Polat tam manasıyla gemileri yakmış. Yıllar önce Los Angeles’de
sessiz kalma anlaşmasını bozmayı kafaya koymuş. Elif’in mezarına gömdüğü
belgeleri aldı. Fakat her gizli belgenin dünyaya kolayca yayılamayacağını
öğrendik. Kısaca hacker’imiz Echolon’dan bahsetti. Bazı kilit sözcükler var ve
bunlar herhangi bir iletişim mecrasında her kullanıldığında bir denetimden
geçiyor. Yani bazı karar vericilerden onay almadan hiçbir şey yayamazsınız.
Dizi burada aslında Wikileaks ve daha başka büyük skandallar hakkında da fikrini
söylemiş oldu.

En güzeli gece girmek. Gündüz çöl çok sıcak olur.
Peki Polat ne zaman önüne çıkan engeller karşısında pes
etmiş ki? O düzeni de yıkmaya karar verdi. Farklı ülkelerdeki ana sunuculardan
birine direkt ulaşım gerekiyordu ve en zayıf yeri seçtiler: “Operasyon Mısır!”

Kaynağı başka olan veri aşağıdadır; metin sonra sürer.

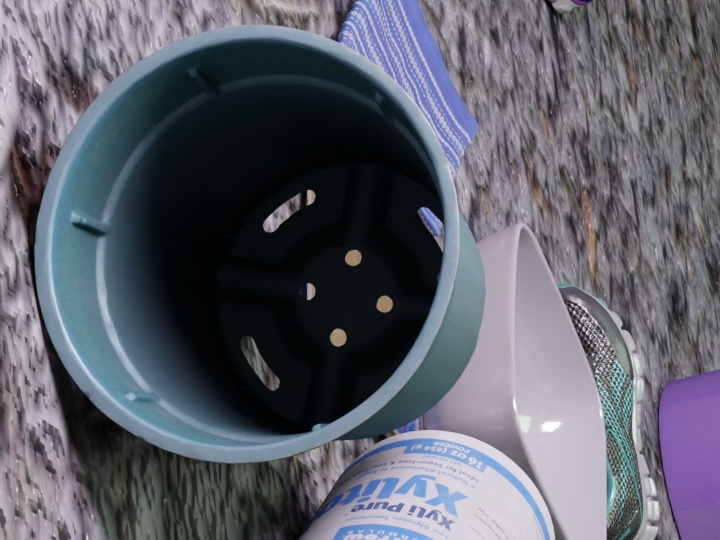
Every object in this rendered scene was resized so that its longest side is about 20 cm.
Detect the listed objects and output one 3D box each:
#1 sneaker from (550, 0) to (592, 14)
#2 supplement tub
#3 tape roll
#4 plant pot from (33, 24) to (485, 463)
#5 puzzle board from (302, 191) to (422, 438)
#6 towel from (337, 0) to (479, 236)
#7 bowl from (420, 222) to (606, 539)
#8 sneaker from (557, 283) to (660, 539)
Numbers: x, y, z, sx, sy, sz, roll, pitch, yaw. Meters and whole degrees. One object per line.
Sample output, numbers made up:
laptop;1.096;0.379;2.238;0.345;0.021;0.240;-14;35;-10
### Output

Böylesi bir engelin varlığından belli ki Polat Alemdar
habersizdi ama Amon’un habersiz olması imkansız. Öyleyse bu neyin anlaşmasıydı?
Polat’a neden karşılığında hiçbir şey almadan bir kredi tanındı? Umarım gelecek
bölümlerde cevabını alabiliriz
Hitman Polat
Bilgisayar oyunları dünyasında Hitman adında kendi çapında efsane bir oyun vardır. Oyunda Codename
47 adlı özel yetiştirilmiş suikastçimiz kılıklar değiştirerek, hızlı ve
sessizce adamlar öldürüp izlerini silerek operasyonlar yapar.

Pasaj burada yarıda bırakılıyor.